Return the lines of the data below exactly. Start at the first and end with the line containing "8) pill bottle [0,271,5,314]".

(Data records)
= Beginning of Section =

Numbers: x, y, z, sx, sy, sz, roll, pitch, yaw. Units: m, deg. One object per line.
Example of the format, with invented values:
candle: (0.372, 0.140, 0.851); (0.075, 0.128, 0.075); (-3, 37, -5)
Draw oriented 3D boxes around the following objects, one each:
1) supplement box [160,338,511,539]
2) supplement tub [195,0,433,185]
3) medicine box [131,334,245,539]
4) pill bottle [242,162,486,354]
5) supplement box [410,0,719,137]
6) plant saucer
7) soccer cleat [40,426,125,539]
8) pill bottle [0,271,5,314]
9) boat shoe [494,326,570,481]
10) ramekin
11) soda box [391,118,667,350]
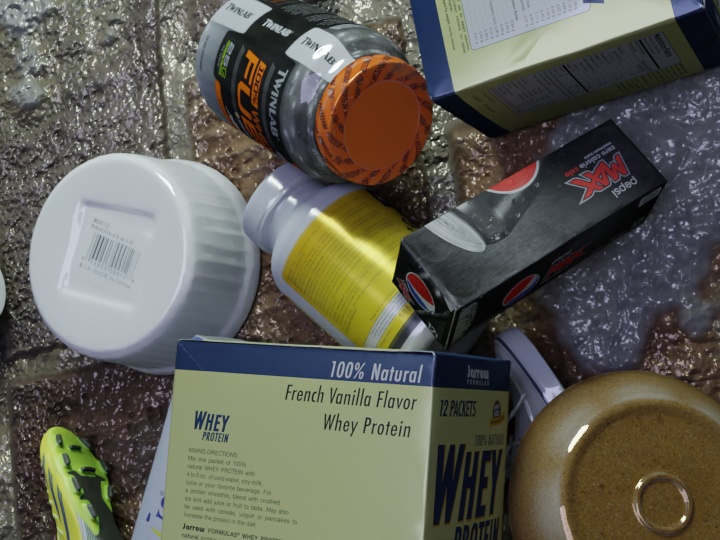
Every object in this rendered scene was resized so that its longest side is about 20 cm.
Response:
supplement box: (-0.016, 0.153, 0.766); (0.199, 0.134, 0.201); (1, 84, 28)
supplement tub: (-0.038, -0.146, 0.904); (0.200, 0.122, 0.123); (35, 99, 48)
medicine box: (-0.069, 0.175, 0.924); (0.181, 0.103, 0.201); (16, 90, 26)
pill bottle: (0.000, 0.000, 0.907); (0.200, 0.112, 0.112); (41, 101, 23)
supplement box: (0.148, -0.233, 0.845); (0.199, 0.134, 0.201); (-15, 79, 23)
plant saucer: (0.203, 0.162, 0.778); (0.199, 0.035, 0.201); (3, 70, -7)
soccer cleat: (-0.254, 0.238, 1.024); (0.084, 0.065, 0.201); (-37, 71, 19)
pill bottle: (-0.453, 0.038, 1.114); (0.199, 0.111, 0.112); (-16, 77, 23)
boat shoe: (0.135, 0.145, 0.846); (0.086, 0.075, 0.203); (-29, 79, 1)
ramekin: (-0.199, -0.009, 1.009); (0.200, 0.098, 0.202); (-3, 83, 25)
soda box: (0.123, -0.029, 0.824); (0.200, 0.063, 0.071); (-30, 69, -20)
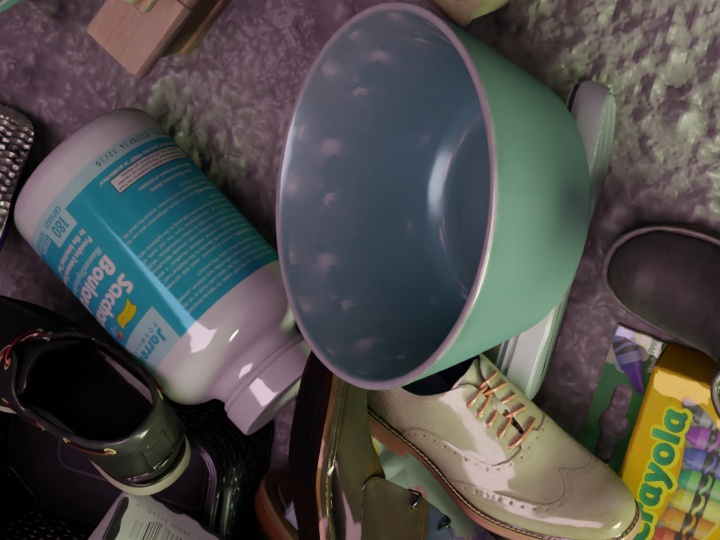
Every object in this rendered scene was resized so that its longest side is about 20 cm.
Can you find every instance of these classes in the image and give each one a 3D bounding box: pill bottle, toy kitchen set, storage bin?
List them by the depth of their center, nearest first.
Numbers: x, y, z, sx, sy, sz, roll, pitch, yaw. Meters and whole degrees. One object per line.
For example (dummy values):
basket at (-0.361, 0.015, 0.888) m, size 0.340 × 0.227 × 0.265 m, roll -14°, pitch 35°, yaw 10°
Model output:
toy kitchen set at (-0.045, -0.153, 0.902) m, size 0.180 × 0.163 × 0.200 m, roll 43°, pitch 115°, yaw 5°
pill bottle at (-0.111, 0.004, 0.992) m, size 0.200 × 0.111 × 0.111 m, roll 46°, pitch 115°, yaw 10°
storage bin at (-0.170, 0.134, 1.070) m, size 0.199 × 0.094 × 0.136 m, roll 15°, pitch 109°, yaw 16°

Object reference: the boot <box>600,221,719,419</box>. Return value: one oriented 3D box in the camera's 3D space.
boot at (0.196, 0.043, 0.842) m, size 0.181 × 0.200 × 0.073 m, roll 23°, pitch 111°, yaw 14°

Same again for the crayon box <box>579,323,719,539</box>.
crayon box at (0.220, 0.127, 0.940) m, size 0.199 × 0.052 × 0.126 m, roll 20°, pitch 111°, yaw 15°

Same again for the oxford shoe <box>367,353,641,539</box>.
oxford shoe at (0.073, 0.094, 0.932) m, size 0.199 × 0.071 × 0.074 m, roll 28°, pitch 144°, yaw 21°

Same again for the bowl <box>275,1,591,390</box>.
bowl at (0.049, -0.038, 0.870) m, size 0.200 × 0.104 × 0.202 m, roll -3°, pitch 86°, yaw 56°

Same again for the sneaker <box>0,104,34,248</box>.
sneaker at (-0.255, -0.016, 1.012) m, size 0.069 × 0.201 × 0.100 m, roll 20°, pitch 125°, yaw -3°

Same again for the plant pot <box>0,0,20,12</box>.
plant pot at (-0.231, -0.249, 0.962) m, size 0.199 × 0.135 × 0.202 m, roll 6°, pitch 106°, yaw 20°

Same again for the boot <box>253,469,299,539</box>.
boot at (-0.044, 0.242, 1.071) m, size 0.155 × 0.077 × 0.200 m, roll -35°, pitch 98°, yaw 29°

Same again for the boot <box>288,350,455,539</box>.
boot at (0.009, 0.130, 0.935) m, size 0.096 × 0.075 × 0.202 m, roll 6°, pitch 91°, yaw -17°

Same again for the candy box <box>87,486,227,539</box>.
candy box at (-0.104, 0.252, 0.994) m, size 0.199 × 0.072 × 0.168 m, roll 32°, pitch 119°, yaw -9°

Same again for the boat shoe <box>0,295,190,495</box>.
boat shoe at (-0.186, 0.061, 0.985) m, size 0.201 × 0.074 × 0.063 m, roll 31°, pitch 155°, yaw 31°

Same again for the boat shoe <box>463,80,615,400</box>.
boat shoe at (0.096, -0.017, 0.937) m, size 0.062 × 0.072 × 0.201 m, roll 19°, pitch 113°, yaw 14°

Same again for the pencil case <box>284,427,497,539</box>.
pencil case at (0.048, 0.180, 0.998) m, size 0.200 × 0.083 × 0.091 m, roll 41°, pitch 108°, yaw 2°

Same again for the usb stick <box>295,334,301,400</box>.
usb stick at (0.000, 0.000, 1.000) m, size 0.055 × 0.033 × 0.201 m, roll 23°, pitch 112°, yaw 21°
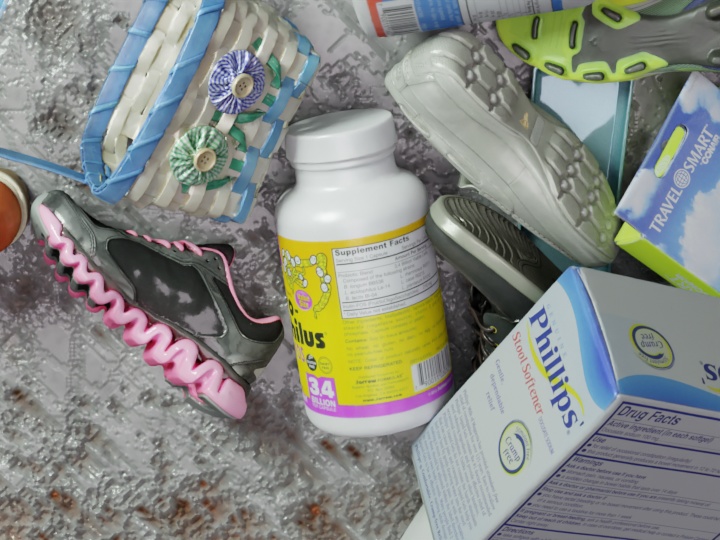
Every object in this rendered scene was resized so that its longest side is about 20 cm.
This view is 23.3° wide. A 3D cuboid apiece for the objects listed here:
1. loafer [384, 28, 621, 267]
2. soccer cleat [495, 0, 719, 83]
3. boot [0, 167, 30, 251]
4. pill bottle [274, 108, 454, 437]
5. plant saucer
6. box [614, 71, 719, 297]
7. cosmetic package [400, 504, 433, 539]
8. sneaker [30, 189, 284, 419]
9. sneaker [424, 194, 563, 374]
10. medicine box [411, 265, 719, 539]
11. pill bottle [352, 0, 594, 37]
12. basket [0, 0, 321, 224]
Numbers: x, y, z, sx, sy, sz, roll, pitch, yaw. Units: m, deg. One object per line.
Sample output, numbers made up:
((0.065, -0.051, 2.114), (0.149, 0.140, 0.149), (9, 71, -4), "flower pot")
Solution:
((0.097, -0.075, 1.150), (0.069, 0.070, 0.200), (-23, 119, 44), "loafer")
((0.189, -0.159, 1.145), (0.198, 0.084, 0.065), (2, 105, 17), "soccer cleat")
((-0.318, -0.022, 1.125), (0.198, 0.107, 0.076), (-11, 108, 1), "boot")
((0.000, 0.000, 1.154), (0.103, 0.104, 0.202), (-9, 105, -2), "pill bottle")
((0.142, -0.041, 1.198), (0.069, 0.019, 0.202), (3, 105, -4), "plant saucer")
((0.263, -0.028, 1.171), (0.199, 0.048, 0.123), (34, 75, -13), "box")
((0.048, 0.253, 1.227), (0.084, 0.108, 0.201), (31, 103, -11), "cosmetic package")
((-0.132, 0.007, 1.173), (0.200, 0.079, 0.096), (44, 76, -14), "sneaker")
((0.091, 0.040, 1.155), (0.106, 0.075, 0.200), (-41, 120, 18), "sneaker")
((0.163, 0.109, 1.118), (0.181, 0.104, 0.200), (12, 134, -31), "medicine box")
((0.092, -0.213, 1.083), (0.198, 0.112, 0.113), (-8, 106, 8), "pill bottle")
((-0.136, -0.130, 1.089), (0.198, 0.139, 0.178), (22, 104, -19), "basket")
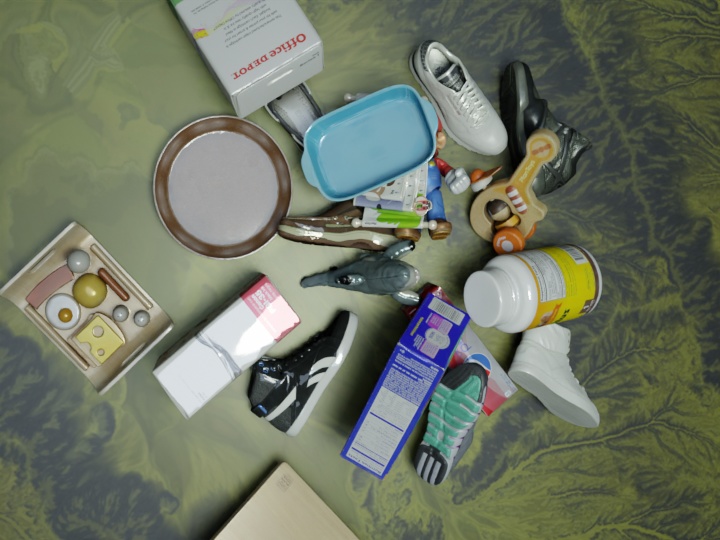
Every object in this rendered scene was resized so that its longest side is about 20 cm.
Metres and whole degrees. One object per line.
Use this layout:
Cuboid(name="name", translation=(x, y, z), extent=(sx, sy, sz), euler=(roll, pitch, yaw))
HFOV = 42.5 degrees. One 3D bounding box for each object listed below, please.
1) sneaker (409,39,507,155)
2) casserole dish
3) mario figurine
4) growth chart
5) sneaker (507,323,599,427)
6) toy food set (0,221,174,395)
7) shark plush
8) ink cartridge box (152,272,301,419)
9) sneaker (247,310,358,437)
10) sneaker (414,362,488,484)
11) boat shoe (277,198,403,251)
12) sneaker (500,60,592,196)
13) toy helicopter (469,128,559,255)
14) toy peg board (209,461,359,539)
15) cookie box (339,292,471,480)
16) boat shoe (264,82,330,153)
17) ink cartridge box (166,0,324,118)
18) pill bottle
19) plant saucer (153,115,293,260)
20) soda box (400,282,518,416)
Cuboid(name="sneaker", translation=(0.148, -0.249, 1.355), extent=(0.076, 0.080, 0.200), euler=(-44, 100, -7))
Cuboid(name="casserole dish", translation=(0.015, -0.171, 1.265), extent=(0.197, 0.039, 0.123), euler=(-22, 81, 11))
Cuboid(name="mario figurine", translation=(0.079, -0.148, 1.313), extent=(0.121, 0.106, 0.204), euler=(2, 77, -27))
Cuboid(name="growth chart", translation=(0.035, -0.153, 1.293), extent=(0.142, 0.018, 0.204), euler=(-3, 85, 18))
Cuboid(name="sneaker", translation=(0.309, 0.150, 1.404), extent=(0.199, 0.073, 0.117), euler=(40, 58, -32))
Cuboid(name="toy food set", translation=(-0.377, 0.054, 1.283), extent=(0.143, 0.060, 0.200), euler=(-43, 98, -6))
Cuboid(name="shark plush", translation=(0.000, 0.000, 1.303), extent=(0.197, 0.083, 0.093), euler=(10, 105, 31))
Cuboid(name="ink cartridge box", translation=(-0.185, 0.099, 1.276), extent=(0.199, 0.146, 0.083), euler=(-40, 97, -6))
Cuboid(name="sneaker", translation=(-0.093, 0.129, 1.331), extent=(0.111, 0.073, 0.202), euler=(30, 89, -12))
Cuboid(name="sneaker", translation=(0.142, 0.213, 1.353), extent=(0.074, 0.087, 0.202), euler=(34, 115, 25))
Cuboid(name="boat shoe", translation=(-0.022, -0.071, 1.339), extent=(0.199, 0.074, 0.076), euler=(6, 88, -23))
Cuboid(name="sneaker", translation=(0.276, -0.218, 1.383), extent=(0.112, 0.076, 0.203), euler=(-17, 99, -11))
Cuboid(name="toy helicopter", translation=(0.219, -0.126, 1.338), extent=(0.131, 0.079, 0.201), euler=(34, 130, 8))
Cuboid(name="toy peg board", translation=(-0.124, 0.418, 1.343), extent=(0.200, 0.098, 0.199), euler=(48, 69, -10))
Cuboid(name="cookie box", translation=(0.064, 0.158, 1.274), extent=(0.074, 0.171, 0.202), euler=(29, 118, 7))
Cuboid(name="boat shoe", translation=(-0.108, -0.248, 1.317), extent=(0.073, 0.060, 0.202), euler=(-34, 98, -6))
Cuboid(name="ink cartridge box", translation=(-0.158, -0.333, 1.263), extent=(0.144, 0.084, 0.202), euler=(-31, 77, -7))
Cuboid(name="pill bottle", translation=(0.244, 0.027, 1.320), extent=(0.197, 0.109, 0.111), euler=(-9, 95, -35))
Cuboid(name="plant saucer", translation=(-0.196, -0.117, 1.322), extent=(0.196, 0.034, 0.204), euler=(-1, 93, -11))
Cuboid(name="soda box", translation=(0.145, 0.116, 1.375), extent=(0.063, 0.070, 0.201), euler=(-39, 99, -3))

= End of Section =

■ Response box ■
Numbers: x, y, z, sx, sy, sz, roll, pitch, yaw. Units: m, deg. One object per line.
Example of the format, with invented values:
candle: (0.372, 0.140, 0.851); (0.075, 0.128, 0.075); (-3, 37, -5)
Draw oriented 3D boxes around the following objects, one each:
1) supplement box [160,338,511,539]
2) supplement tub [195,0,433,185]
3) medicine box [131,334,245,539]
4) pill bottle [242,162,486,354]
5) supplement box [410,0,719,137]
6) plant saucer
7) soccer cleat [40,426,125,539]
8) pill bottle [0,271,5,314]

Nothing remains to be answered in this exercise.